British founder of Justice for Men and Boys

Gordon Michael Alexander Buchanan (born 8 December 1957) is a retired businessman and men's rights activist, who founded and for two separate periods has led the organisation Justice for Men and Boys (and the Women Who Love Them) (J4MB), which formerly operated as a minor political party, in the United Kingdom.

== Career ==
Buchanan was a company director for Link Procurement Services Ltd from 1999 to 2010, and also for Legal Procurement Services Ltd from 2005 to 2008.

He also worked as a consultant for the Conservative Party, but left the party in 2009 after David Cameron announced his approval of all-women shortlists for selecting parliamentary candidates, accusing Cameron of being "relentlessly pro-female and anti-male" in his policies and comments.

=== Campaign for Merit in Business ===
In April 2012, he began the 'Campaign for Merit in Business' arguing against increasing gender diversity in the boardroom (GDITB). The campaign submitted written evidence to a House of Lords European Union Sub-Committee on the Internal Market, Infrastructure and Employment which was investigating 'Women on Boards'. The sub-committee also heard from the campaign's Research Director, Michael Klein. The sub-committee found that "[a] more balanced board [would] be able to tap into the wealth of available talent in the labour market, provide a broader spectrum of ideas, better reflect a company's customer base, and improve corporate governance.", but went on to say, "that quotas should not be resorted to until all other options have been exhausted."

Later in the same year, Buchanan appeared before the House of Commons Business, Innovation and Skills Committee's inquiry, 'Women in the Workplace', alongside former UKIP local election candidate Steve Moxon, sociologist Catherine Hakim and business executive Heather McGregor. At the committee, Buchanan described himself as the campaign's chief executive, and saying that in November 2012, the campaign consisted of ten members. In written evidence to the inquiry, he cited five longitudinal studies, which he entitled Improving' Gender Diversity on Boards Leads to a Decline in Corporate Performance: The Evidence. In response to the committee's report the coalition Government said the report, "[reflected] the view of the Government and the Women's Business Council that there is a clear benefit from ensuring that those women who want to work, or want to work more hours, are able to contribute fully to the economy."
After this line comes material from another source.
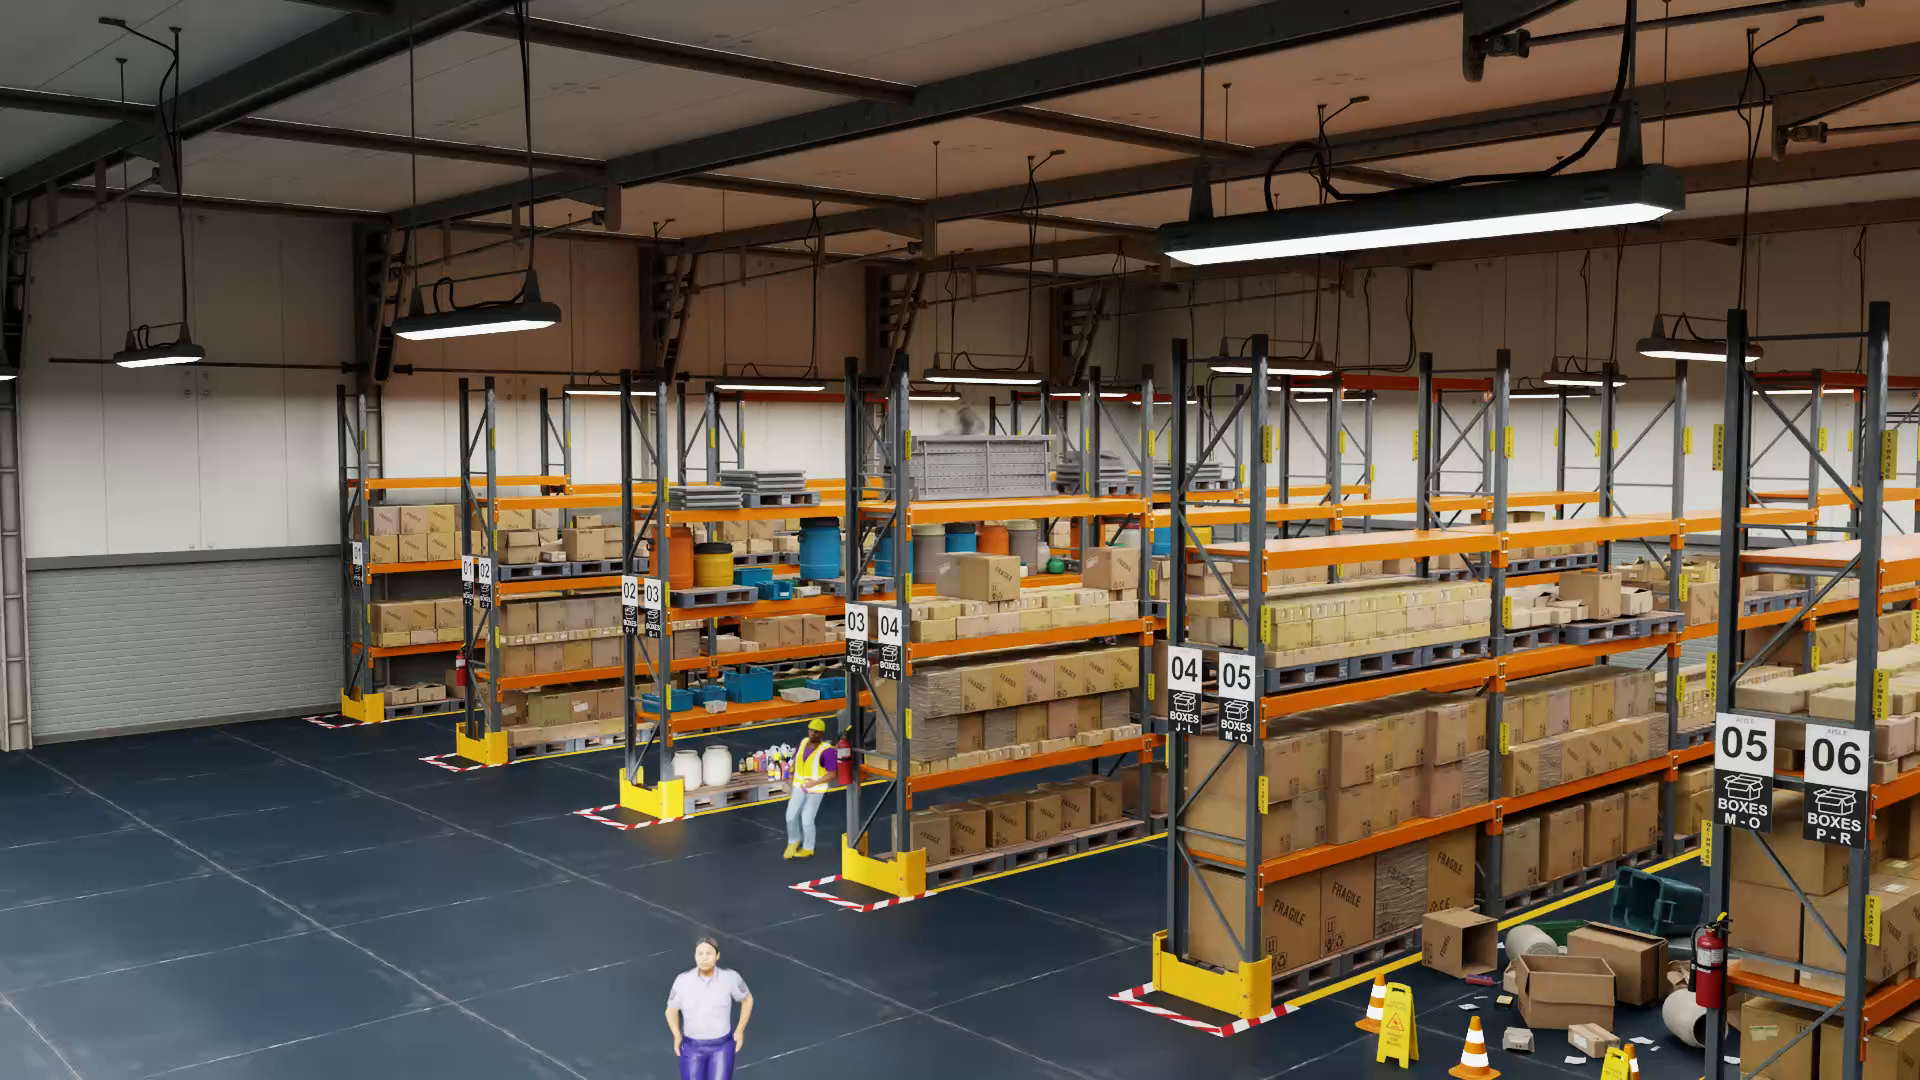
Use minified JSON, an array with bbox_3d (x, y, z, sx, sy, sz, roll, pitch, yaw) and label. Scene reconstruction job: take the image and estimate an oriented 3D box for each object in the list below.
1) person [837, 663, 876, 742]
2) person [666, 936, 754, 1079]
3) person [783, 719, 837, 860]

=== Anti-Feminism League ===
Buchanan also began the Anti-Feminism League in 2012. A year later, its website, called Fightingfeminism, which academic Alva Träbert described as "mak[ing] its opposition to feminism explicit" and based in part on Buchanan's "experience at the boardroom level of multinational corporations", was merged into the Campaign for Merit in Business and the political party, Justice for Men and Boys.

=== Justice for Men and Boys ===
The political party Justice for Men and Boys (and the Women Who Love Them) or J4MB for short, which Buchanan led, was founded on 6 February 2013, and registered with the Electoral Commission on 21 February 2013.
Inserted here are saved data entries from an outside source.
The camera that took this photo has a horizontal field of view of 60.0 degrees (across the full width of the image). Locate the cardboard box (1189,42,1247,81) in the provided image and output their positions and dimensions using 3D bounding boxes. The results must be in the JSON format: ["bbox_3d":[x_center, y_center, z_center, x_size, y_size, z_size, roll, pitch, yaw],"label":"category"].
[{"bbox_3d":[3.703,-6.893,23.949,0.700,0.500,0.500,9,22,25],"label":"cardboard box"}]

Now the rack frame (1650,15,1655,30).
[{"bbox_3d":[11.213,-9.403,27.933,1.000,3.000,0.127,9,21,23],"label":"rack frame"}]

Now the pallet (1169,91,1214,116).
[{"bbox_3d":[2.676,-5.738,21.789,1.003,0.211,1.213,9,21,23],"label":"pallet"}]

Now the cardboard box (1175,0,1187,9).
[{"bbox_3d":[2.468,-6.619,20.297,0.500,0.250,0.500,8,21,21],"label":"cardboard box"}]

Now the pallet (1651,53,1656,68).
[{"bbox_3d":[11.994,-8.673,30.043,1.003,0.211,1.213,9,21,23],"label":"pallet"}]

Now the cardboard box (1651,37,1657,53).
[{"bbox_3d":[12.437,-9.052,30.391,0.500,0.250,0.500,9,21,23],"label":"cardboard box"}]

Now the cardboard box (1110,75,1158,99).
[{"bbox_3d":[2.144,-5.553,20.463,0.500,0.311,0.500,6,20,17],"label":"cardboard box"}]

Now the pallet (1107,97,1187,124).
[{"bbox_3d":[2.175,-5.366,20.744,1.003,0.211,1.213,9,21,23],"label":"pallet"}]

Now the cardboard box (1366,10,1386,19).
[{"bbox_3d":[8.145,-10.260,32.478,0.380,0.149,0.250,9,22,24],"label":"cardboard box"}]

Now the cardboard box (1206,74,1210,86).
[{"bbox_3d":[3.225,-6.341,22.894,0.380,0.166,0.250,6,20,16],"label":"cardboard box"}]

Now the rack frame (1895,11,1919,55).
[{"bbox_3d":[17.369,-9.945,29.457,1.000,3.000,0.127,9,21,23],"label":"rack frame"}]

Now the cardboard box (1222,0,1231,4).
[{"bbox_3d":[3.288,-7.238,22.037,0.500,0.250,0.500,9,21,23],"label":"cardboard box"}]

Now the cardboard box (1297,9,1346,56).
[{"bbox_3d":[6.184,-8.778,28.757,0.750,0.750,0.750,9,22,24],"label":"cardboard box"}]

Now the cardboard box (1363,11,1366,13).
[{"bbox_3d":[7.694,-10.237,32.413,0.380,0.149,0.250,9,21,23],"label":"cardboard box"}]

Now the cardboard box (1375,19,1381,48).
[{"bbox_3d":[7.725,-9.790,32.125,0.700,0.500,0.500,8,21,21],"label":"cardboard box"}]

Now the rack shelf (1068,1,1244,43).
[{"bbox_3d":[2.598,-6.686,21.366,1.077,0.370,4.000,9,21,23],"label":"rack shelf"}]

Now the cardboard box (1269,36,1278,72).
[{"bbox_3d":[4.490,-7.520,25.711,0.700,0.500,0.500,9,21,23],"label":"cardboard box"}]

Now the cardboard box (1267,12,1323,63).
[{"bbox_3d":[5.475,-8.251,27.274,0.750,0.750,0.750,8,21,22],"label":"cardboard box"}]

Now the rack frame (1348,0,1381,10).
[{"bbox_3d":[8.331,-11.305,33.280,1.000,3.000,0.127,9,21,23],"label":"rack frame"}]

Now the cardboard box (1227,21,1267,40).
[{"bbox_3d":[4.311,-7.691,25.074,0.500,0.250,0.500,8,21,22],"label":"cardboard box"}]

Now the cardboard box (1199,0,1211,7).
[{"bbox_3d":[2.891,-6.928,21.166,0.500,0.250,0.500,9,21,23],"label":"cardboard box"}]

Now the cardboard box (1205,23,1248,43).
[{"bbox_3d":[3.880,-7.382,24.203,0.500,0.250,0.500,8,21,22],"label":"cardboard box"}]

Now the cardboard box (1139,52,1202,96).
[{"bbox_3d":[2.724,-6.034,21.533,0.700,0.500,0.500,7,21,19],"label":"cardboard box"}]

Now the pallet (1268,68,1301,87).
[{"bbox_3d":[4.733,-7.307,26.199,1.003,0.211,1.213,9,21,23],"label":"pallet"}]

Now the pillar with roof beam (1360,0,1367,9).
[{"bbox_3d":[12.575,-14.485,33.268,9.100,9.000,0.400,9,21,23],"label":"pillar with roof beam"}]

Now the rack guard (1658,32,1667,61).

Buchanan said he established the party because "the state is anti-male" and considers the male sex to be "pretty much subhuman". According to him, "legislation is routinely drafted to advantage women and disadvantage men" while "boys are being relentlessly disadvantaged by an ever more feminized education system". He also formed such groups as the Anti-Feminism League and Men Shouldn't Marry.

J4MB described itself as "the only political party in the English-speaking world campaigning for the human rights of men and boys" and as being anti-feminist. The academic Ana Jordan noted that Buchanan "has been openly vitriolic about feminism and feminists". "Feminism is a hatred, and it should be a badge of shame," Buchanan has said. According to him, "It's a very well documented feminist objective of 40 years to destroy the nuclear family," and feminism "is a deeply vile, corrupting ideology and the idea it's a benign movement about gender equality is dangerous nonsense." He says, "All feminist narratives are one or more of the following – conspiracy theories, fantasies, lies, delusions or myths."

J4MB issues awards for "lying feminist of the month" to female journalists, "toxic feminist of the month" and "whiny feminist of the month", with recipients including Laura Bates and Caroline Criado-Perez. The Observer columnist Catherine Bennett wrote in 2015, "The treatment of one such J4MB target, Laura Bates, founder of the Everyday Sexism Project, is such that it might easily be mistaken for stalking, at least since headlines such as 'Will someone change Laura Bates's diaper' on a blog, were followed by Mr Buchanan, the would-be public servant, bothering the audience in a bookshop where she was about to speak." J4MB's website includes a link to an article entitled "13 reasons women lie about being raped".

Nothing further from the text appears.